Mit "Reglereingang" meinst du vermutlich die Regelabweichung, welche zur Berechnung des I-Anteils verwendet wird. Ich verstehe nicht, wie so das ohne P-Anteil nicht genau so funktionieren soll? Zweitens verstehe ich nicht, warum du bei deinem PI-Regler nicht ganz einfach den P-Anteil abschaltest, um ein reines I-Verhalten zu erreichen?

Bei einem I-Regler kannst du natürlich den berechneten I-Anteil auch ganz einfach auf einen Min- und einen Max-Wert begrenzen. Auf diese Art würde es auch bei einem PI-Regler funktionieren, wenn du bei der Begrenzung des I-Anteils den aktuellen P-Anteil berücksichtigst.


----------



## Heinileini (26 Dezember 2018)

Die RegelAbweichung auf 0 setzen? Das verstehe ich wiederum nicht. Damit verlassen wir doch das Thema Regelung und der vermeintliche I-Regler taugt dann nicht einmal als astabiler Multivibrator!

PS: "idealerweise ein reiner I-Regler"? Was hat denn ein reiner I-Regler mit ideal zu tun? Das, was er keinesfalls kann, ist ideal zu sein.


----------



## Onkel Dagobert (26 Dezember 2018)

Hallo Heinileini,


Seeberg97 setzt bei seinem PI-Regler die Regelabweichung zum "Einfrieren" des I-Anteils auf Null, der P-Anteil werkelt munter weiter. Die Regelung ist in diesem Moment natürlich an einer Begrenzung. Mir scheint, du bist ein Freund von Missverständnissen?

Welcher Regler "ideal" ist, hängt vorwiegend von der Regelstrecke ab und nicht vom Wunschdenken des Anwenders.


----------



## Heinileini (26 Dezember 2018)

Onkel Dagobert schrieb:


> Mir scheint, du bist ein Freund von Missverständnissen?


Stimmt insofern, Dagobert, als ich mich gerne einmische, wenn ich Missverständnisse wittere.



> Welcher Regler "ideal" ist, hängt vorwiegend von der Regelstrecke ab und nicht vom Wunschdenken des Anwenders.


Stimmt auch zum Teil.

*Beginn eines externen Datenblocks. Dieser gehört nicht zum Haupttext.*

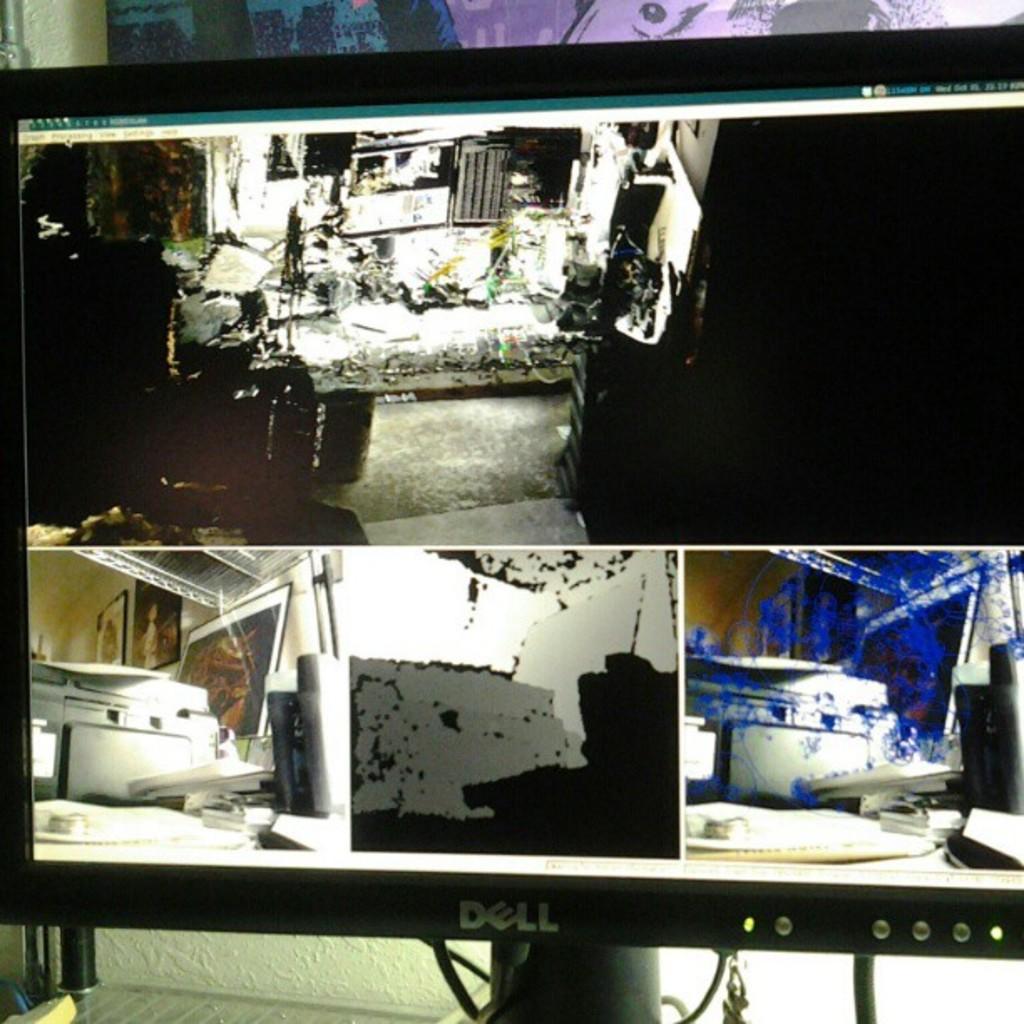What brand is this monitor?
Provide a short and direct response. Dell.

Und ich habe immer wieder den Eindruck, dass das Wunschdenken der Anwender vorbelastet ist durch irreführende Darstellungen der D- und I-Anteile von PID-Reglern. Der I-Anteil wird als WunderMittel gegen fehlende Genauigkeit einer Regelung angesehen und der D-Anteil als überflüssiger oder sogar störender Blödsinn.

Wozu man einen I-Anteil, der sich aufsummiert und zum Erreichen/Überschreiten einer Min- oder MaxGrenze geführt hat, auch noch einfrieren muss und trotzdem glaubt, der P-Anteil könne unbeirrt und wirksam weiterwerkeln, erschliesst sich mir leider nicht.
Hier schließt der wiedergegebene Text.